==== Material for this task ====
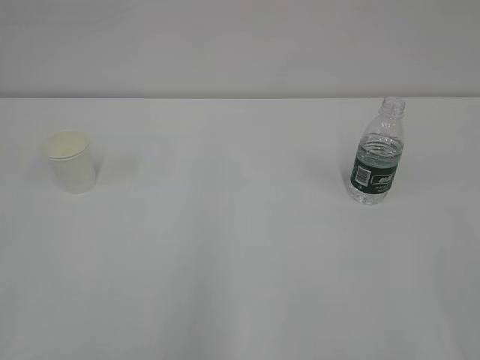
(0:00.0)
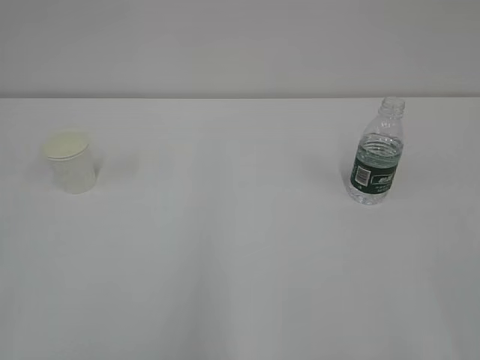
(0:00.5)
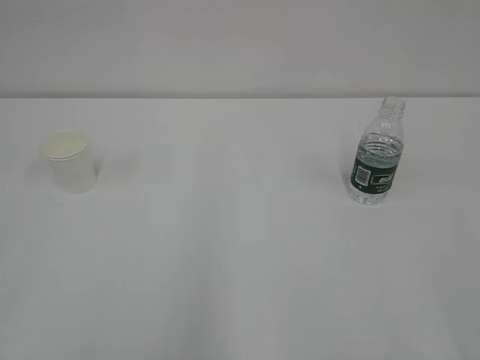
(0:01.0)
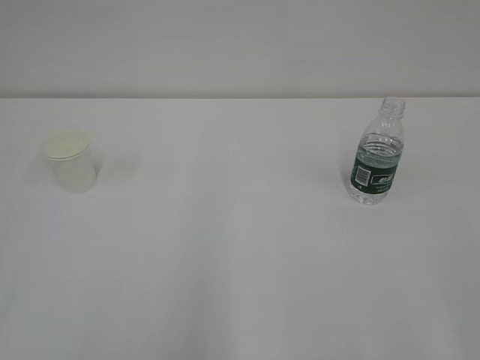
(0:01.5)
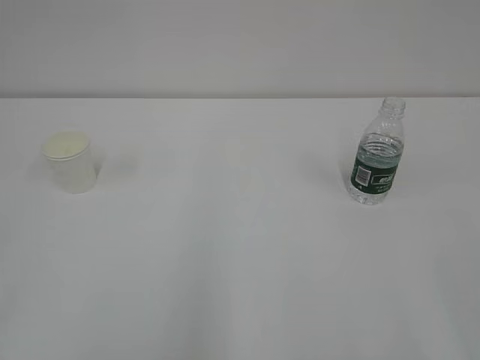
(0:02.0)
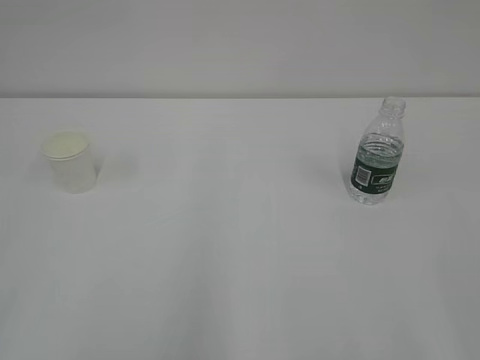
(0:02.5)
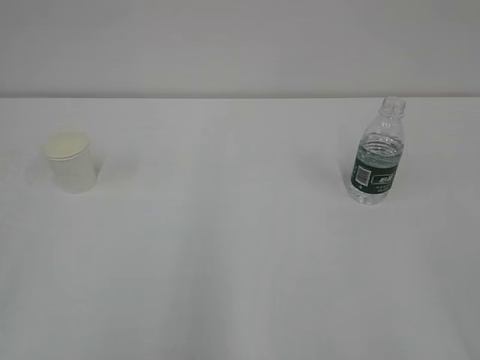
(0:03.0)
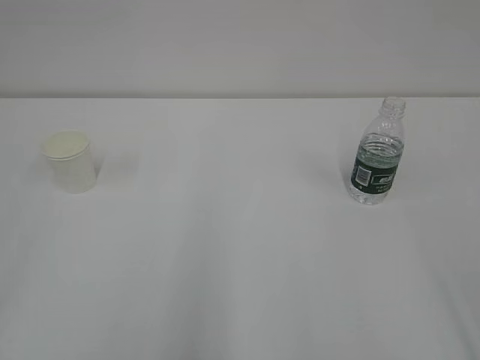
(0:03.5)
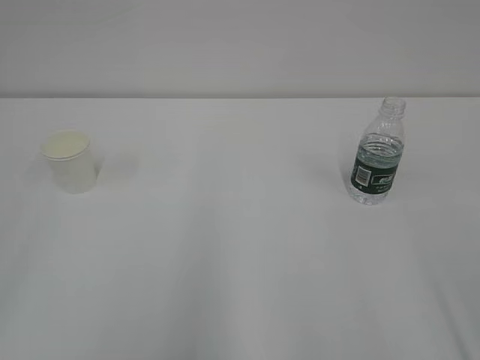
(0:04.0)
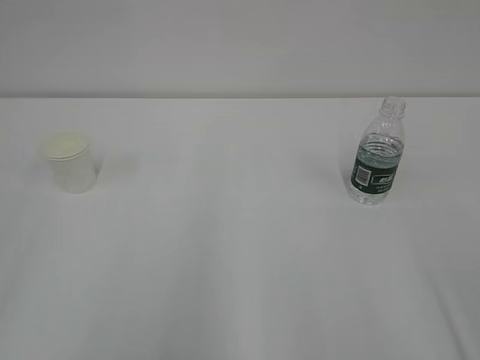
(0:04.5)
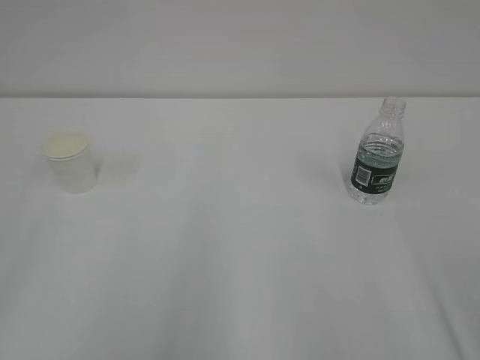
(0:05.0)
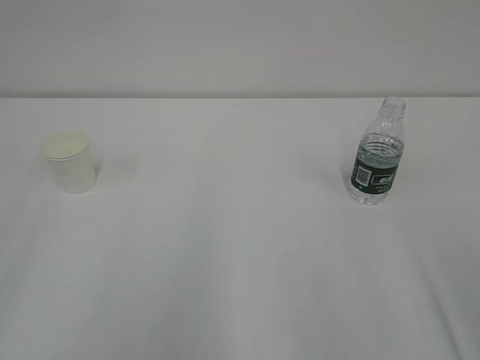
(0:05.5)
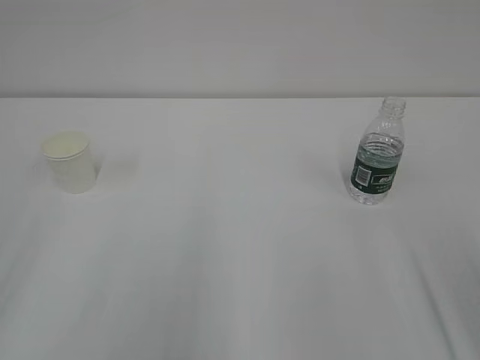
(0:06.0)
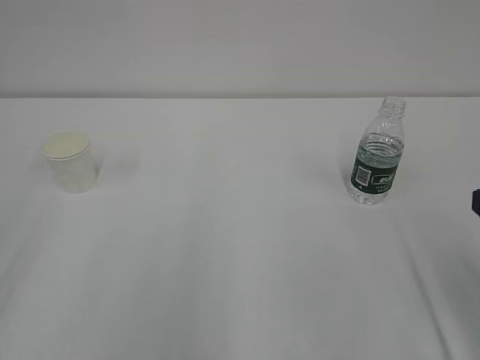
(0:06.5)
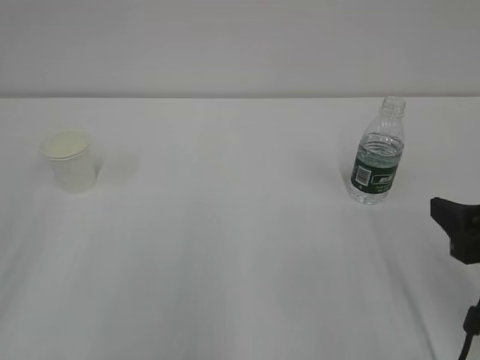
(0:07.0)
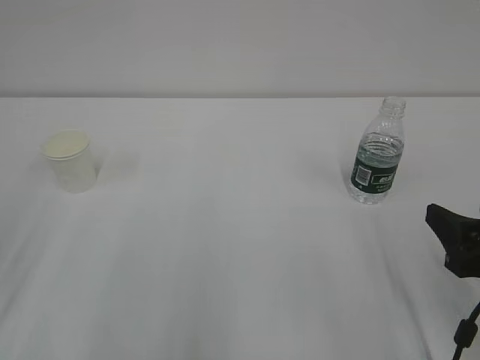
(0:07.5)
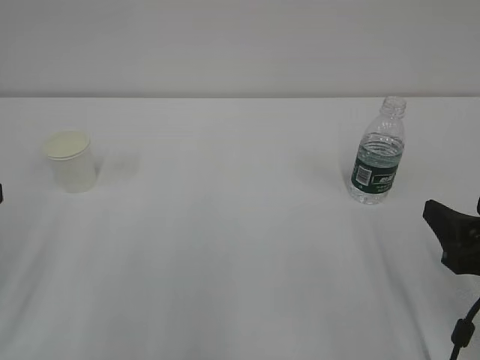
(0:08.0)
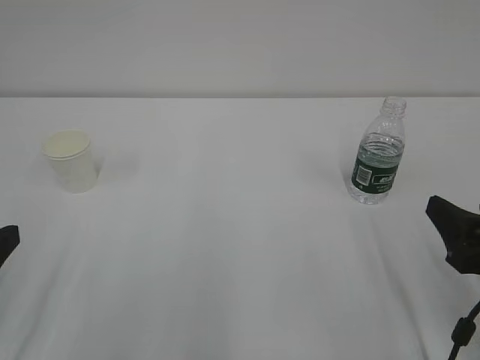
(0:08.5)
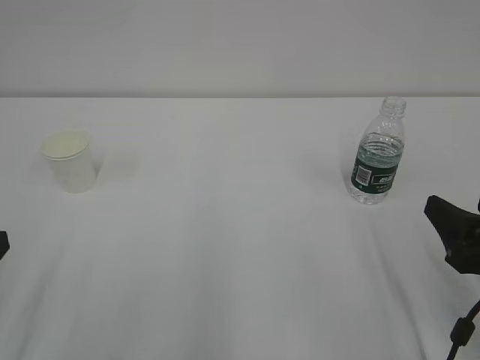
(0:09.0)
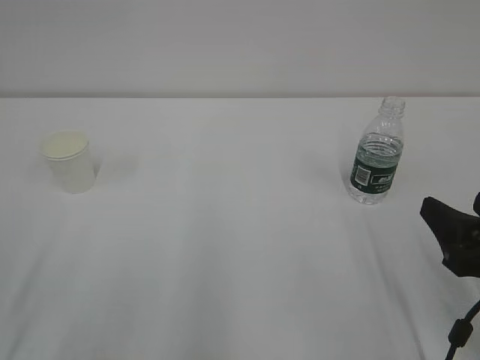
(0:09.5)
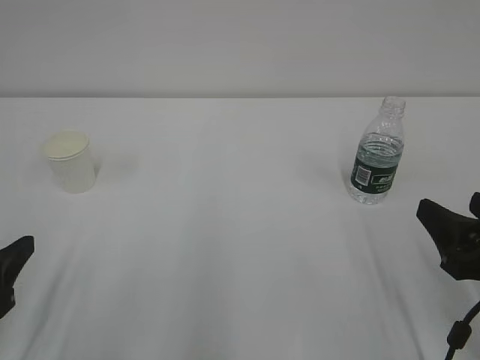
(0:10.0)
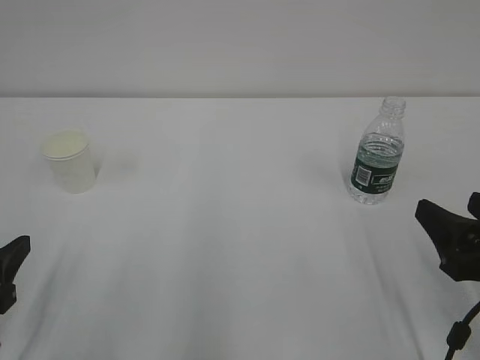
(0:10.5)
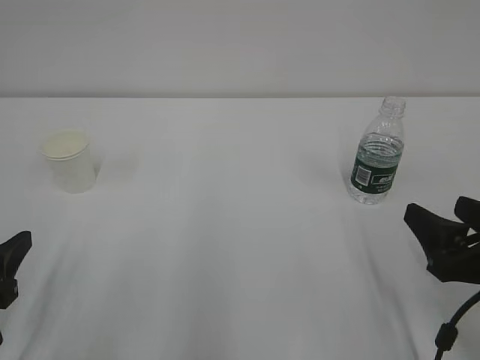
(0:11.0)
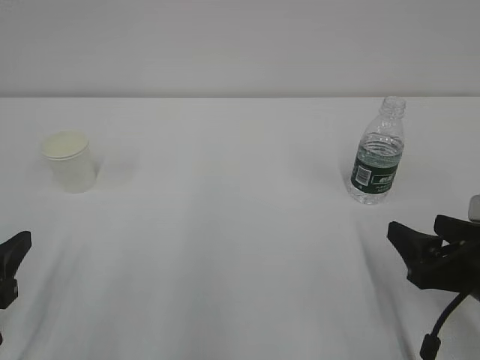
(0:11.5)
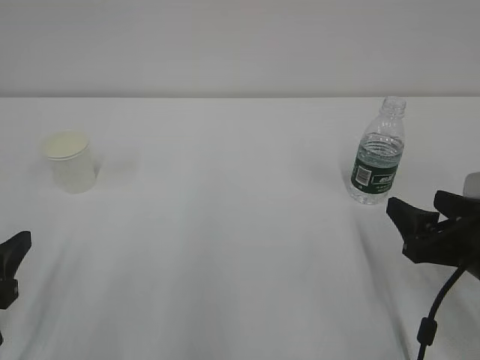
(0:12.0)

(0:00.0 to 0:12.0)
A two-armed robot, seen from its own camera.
====
An exact transcription of the data above is needed, without the pictures.

(0:00.0)
(0:00.5)
(0:01.0)
(0:01.5)
(0:02.0)
(0:02.5)
(0:03.0)
(0:03.5)
(0:04.0)
(0:04.5)
(0:05.0)
(0:05.5)
(0:06.0)
(0:06.5)
(0:07.0)
(0:07.5)
(0:08.0)
(0:08.5)
(0:09.0)
(0:09.5)
(0:10.0)
(0:10.5)
(0:11.0)
(0:11.5)
(0:12.0)

(0:00.0 to 0:12.0)
A two-armed robot, seen from its own camera.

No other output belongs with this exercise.